Anak balita yang tewas setelah mengonsumsi makanan tambahan itu bernama Lutfi Zakhi Haidan (3,5). ”Makanan tambahan itu dimakan kedua anak saya. Selesai makan, yang muntah-muntah duluan itu adiknya. Kalau kakaknya baru muntah saat pulang dari pengajian (sore hari),” kata Wahyu Irawan (31), orangtua korban, Jumat (13/9/2019), di rumah duka, di Tugu Utara.
Menurut Wahyu, makanan tambahan itu diduga dari nasi goreng yang dibawa anak pertamanya bernama Zaki Al-Alif Ayubi (8), Rabu (11/9/2019). Ayubi yang duduk di bangku kelas dua SDN Tugu Utara 19 menjalani perawatan di rumah sakit.
Wahyu menambahkan, akibat kondisi kesehatan kedua anaknya terus menurun, mereka dilarikan ke puskesmas terdekat. Namun, setelah mendapat perawatan di puskesmas, kondisi kedua anaknya tak kunjung membaik sehingga dibawa ke Rumah Sakit Tugu Koja.

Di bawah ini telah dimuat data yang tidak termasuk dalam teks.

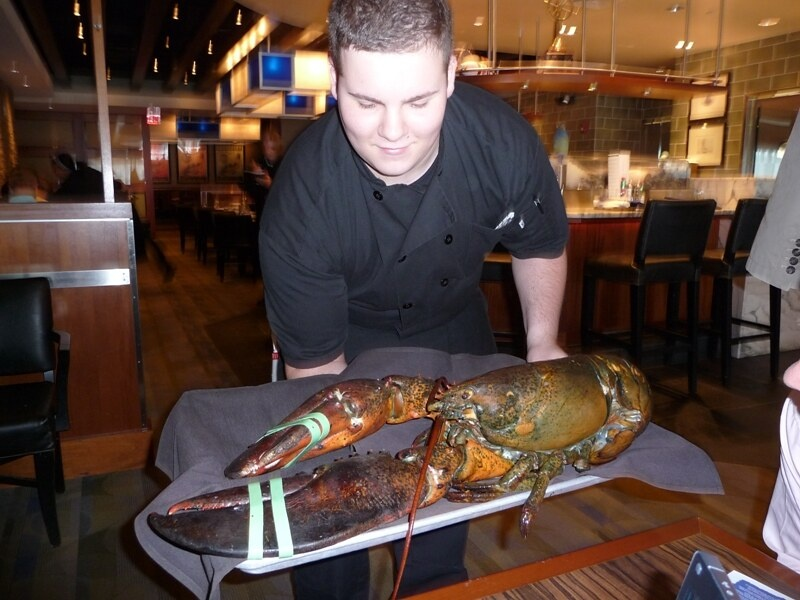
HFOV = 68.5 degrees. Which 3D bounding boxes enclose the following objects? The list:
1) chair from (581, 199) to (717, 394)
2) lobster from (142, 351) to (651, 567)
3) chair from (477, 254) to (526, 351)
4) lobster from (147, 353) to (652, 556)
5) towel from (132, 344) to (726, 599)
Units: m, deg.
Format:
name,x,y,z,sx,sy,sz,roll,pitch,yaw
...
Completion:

”Di sana anak pertama saya dirawat inap. Sementara yang bungsu diperbolehkan pulang karena setelah diberi obat, kondisi kesehatannya membaik,” katanya.
Setelah tiba di rumah, sekitar Kamis (12/9/2019) dini hari, anak bungsunya kembali mengeluhkan sakit perut, mual, dan buang air besar. Wahyu kemudian kembali membawa anaknya itu ke Rumah Sakit Tugu Koja. ”Dari sana, pihak dokter meminta dirujuk ke RSUD Koja. Namun, pada Kamis malam, nyawa Lutfi tak tertolong dan meninggal,” ucapnya.

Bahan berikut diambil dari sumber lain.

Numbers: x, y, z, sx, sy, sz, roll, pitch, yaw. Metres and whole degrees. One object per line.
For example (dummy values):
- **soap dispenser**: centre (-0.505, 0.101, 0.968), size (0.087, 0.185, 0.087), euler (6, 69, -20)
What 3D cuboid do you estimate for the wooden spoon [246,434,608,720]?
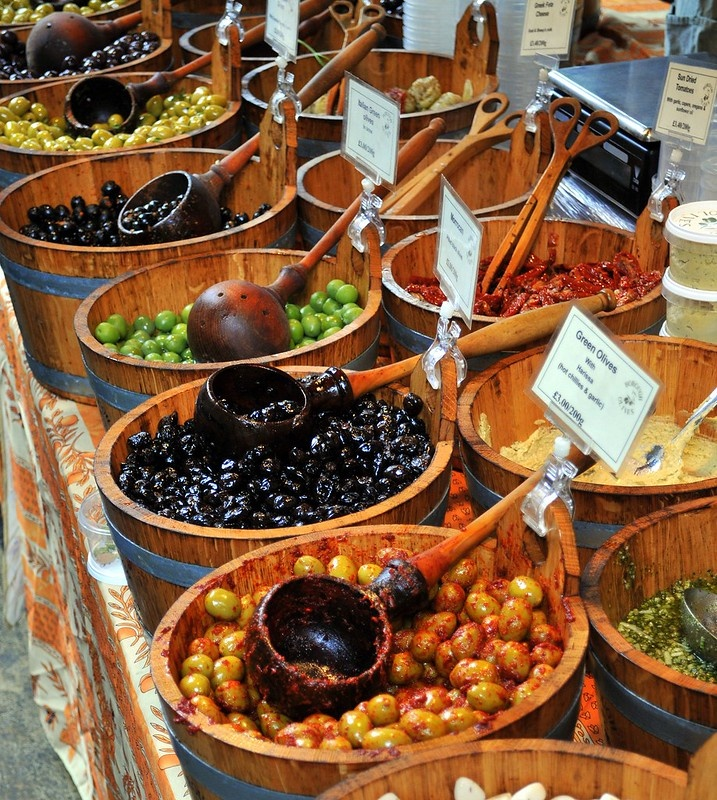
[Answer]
- **wooden spoon**: centre (0.106, 0.249, 1.150), size (0.205, 0.206, 0.668), euler (27, 36, 33)

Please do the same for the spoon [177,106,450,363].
- **spoon**: centre (-0.029, -0.403, 1.928), size (0.282, 0.254, 1.018), euler (41, 58, 13)

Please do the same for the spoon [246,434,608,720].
- **spoon**: centre (0.105, 0.246, 1.148), size (0.205, 0.206, 0.668), euler (27, 36, 33)

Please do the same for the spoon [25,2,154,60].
- **spoon**: centre (-1.197, -1.602, 3.287), size (0.644, 0.207, 0.218), euler (-25, 47, -34)

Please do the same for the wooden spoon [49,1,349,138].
- **wooden spoon**: centre (-0.382, -1.342, 3.090), size (1.651, 0.251, 0.365), euler (-23, 42, -15)

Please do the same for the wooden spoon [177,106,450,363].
- **wooden spoon**: centre (-0.038, -0.411, 1.925), size (0.282, 0.254, 1.018), euler (41, 58, 13)

Wahyu menambahkan, siswa yang diduga keracunan setelah mengonsumi makanan dari program pemberian makanan tambahan anak sekolah (PMTAS) diduga tidak hanya dialami anak-anaknya. Sebab, saat di rumah sakit, dia bertemu dengan salah satu orangtua siswa SDN Tugu Utara 19 yang anaknya juga dirawat di rumah sakit. ”Dari situ, istri saya langsung tanya ke orangtua wali murid lain lewat Whatsaap. Ternyata, ada beberapa orangtua yang anaknya juga mual-mual,” katanya.

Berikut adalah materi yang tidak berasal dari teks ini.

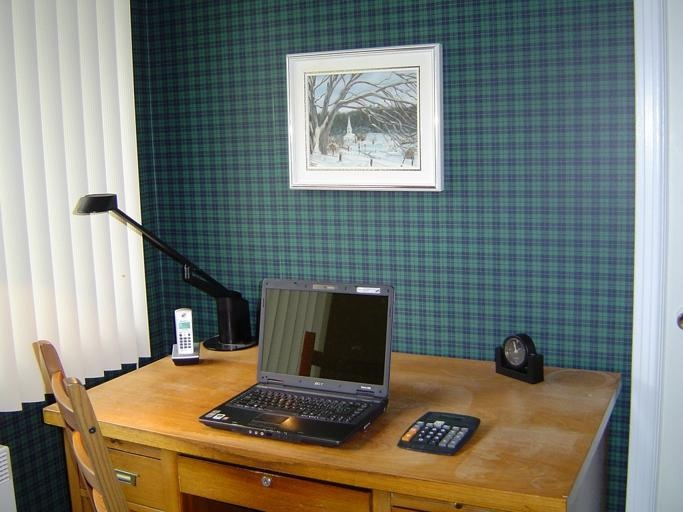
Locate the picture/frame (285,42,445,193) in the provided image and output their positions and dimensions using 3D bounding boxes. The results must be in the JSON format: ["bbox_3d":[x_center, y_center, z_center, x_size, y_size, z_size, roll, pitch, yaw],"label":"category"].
[{"bbox_3d":[0.074,-0.520,2.030,0.612,0.527,0.068,3,13,22],"label":"picture/frame"}]

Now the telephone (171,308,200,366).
[{"bbox_3d":[-0.600,0.303,2.029,0.125,0.199,0.119,-3,9,-19],"label":"telephone"}]

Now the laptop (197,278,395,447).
[{"bbox_3d":[-0.109,0.301,1.602,0.539,0.397,0.455,3,4,23],"label":"laptop"}]

Dugaan keracunan makanan, kata Wahyu, meskipun tidak dijelaskan dokter secara spesifik, di situ disebutkan bahwa ada beberapa gejala diderita anaknya. ”Hasil diagnosis dokter itu ada tiga gangguan yang dialami anak saya, yaitu infeksi paru-paru, kadar garam dalam tubuh tinggi, dan infeksi saluran pencernaan. Saluran pencernaan ini yang jadi pertanyaan karena anak saya tidak punya riwayat itu,” katanya.
Keluarga korban memastikan tidak memperpanjang masalah itu. Hal itu karena sudah ada dialog dengan pihak sekolah dan orangtua untuk menyelesaikan masalah itu secara kekeluargaan.
Sudah diperingatkan
Kepala Suku Dinas Pendidikan Wilayah II Jakarta Utara Momon Sulaeman saat dikonfirmasi membantah bahwa ada banyak siswa yang diduga keracunan makanan. Sebab, makanan PMTAS yang dibagikan sudah melewati tahap pemeriksaan dari puskesmas.
”Gurunya juga sudah mengingatkan agar makanan yang disajikan dihabiskan di sekolah karena nasi goreng itu bertahan paling lama empat jam. Namun, makanan itu dibawa pulang dan dimakan adiknya yang punya riwayat sakit jantung dan infeksi paru-paru,” katanya.
Menu nasi goreng itu merupakan satu dari 36 jenis menu program PMTAS yang rutin dibagikan komite sekolah dari kelas satu sampai kelas enam dan dilakukan setiap hari dari Senin-Jumat. Makanan itu juga hanya disajikan pada pagi hari.
Patar M Silitonga, salah satu guru SDN Tugu Utara 19, mengatakan, kebersihan dan kesehatan makanan PMTAS merupakan tangung jawab pihak komite sekolah. Hal yang bisa dilakukan sekolah hanya mengingatkan siswanya agar makanan itu dihabiskan di sekolah. ”Namun, pihak sekolah juga tidak bisa melarang siswa yang mau membawa makanan itu ke rumah,” katanya.